Prior to the mini budget’s publication, rumours of many changes had come my way. For example:

  • Super fund earnings tax would be increased from 15% to 20%;
  • Transition to retirement pensions would no longer be allowed and other unspecified changes to salary sacrifice contributions would be made;
  • Capital Gains Tax (CGT) would apply when a pension ceases and lump sum money is paid back to the accumulation phase or paid as a lump sum;
  • Regulation of SMSFs would move from the ATO to ASIC, APRA or possibly both; and
  • Limited Recourse Borrowing Arrangements (LRBAs) would be done away altogether or severely curtailed.

The challenges

SMSFs are at a delicate stage from a political perspective and I expect this to continue until we have a change of Government. (Remember, however, that the Howard Government was only a slightly better friend to the SMSF sector than the Labor/Green Government.)

When the current super system was being conceived, SMSFs were seen as a niche for small businesses. The boffins at the time failed to see that running your own fund would become the vehicle of choice for many middle-class people who straddle the political divide.

Some management people in large funds think SMSFs have an unfair advantage from a regulatory perspective – they want greater SMSF regulatory oversight to create what they think would be a more level playing field.

Take control

The simple fact is that if you want to continue to run your own fund with a reasonable amount of freedom, then you have to make representation to your local and national politicians – especially when the next rumour about potential changes appears in the press. They need to be under no doubt that unreasonably attacking your SMSF will cause them a political headache and may impact how you vote.

You also have to be prepared to continually run your SMSF correctly so that operational failures can’t be attacked as problems that need tight and restrictive regulatory responses, which unfairly impact everyone.

To some extent, I expect to hear rumours about the above list of possible nasties start again as we head towards the 2013 Federal Budget.

Recent changes

As Paul pointed out last week, there were some changes made in the MYEFO that will affect SMSFs.
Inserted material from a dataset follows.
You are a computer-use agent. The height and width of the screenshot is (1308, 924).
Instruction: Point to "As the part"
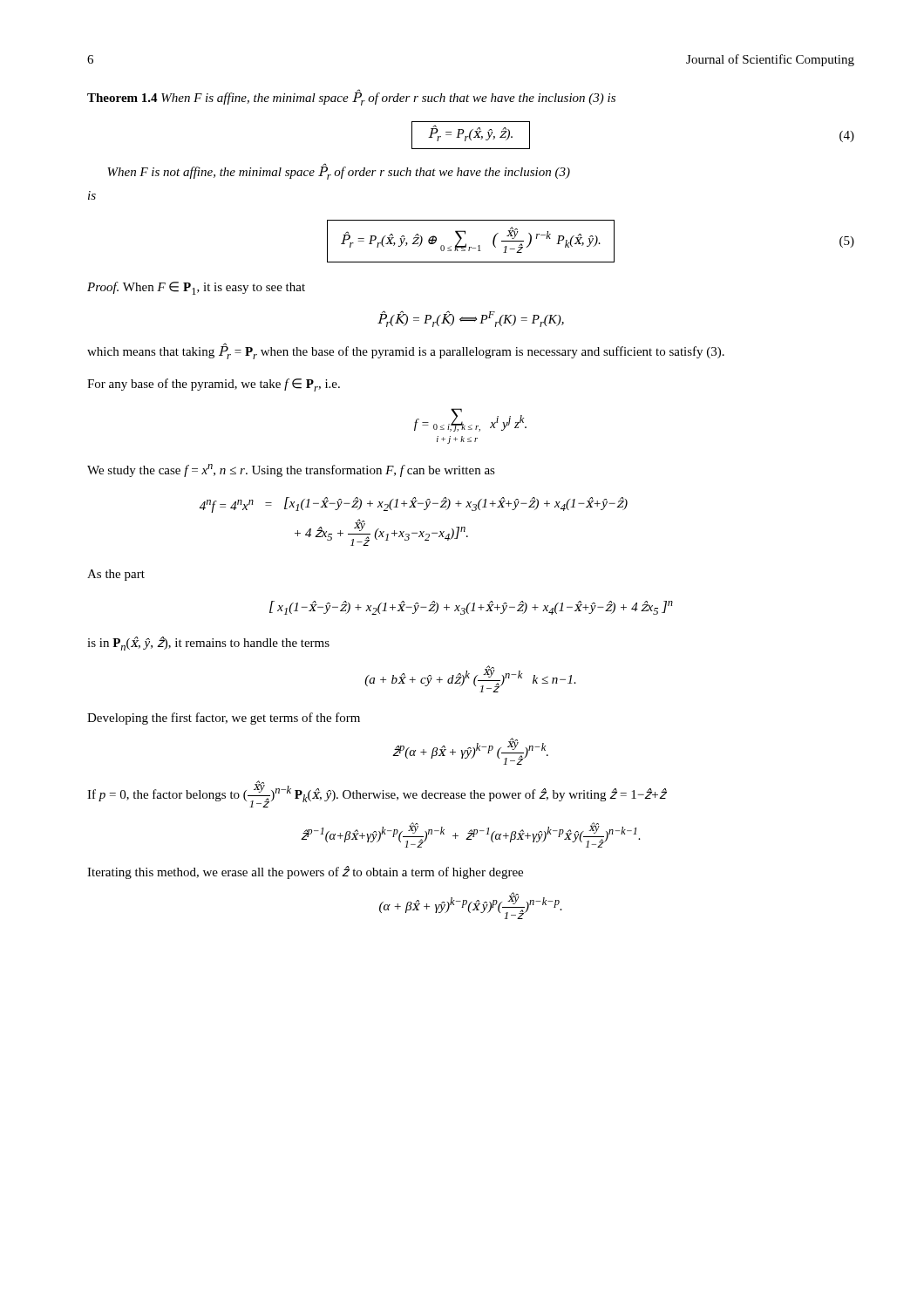coord(116,573)

A positive change was that the Government will legislate to allow the payment of a death benefit from super pensions, although nothing was said about super annuities.

The change will apply from 1 July 2012 and the payment of these death benefits will have to occur as soon as practicable after the pensioner’s death.

At present, a super fund death benefit paid with accumulation assets will receive death benefit tax concessions if it’s paid within the longer time period of six months of death or three months of the granting of probate or letters of administration of the deceased estate.

Based on the wording of the Government’s announcement, it’s reasonable to assume this same time period will apply for the CGT concession for lump sum pension death benefits. If the death benefits are paid after this time-frame – which is reasonably common, especially if a super fund has a ‘lumpy’ asset – then the pension interest will have ceased and CGT will likely apply to super fund asset disposals.

So how will the Government’s announcement affect the Australian Tax Office’s (ATO) pension ruling?

Now that the Government has dealt with the CGT death benefit issue, I expect that the ATO’s draft pension ruling as it’s currently written to remain largely unchanged. The two other main issues dealt in the ATO Ruling probably now won’t change too much. These are:

  • not making minimum income payments in a particular year will mean your fund hasn’t paid you a pension for that year; and
  • the ability to take a lump sum out of the pension depends on the specific written rules that govern the pension.

The ATO’s draft ruling had a commencement date of 1 July 2007. Given the Government’s recent activity in this area, I expect this will be moved to 1 July 2012.

Important: This content has been prepared without taking account of the objectives, financial situation or needs of any particular individual. It does not constitute formal advice. Consider the appropriateness of the information in regards to your circumstances.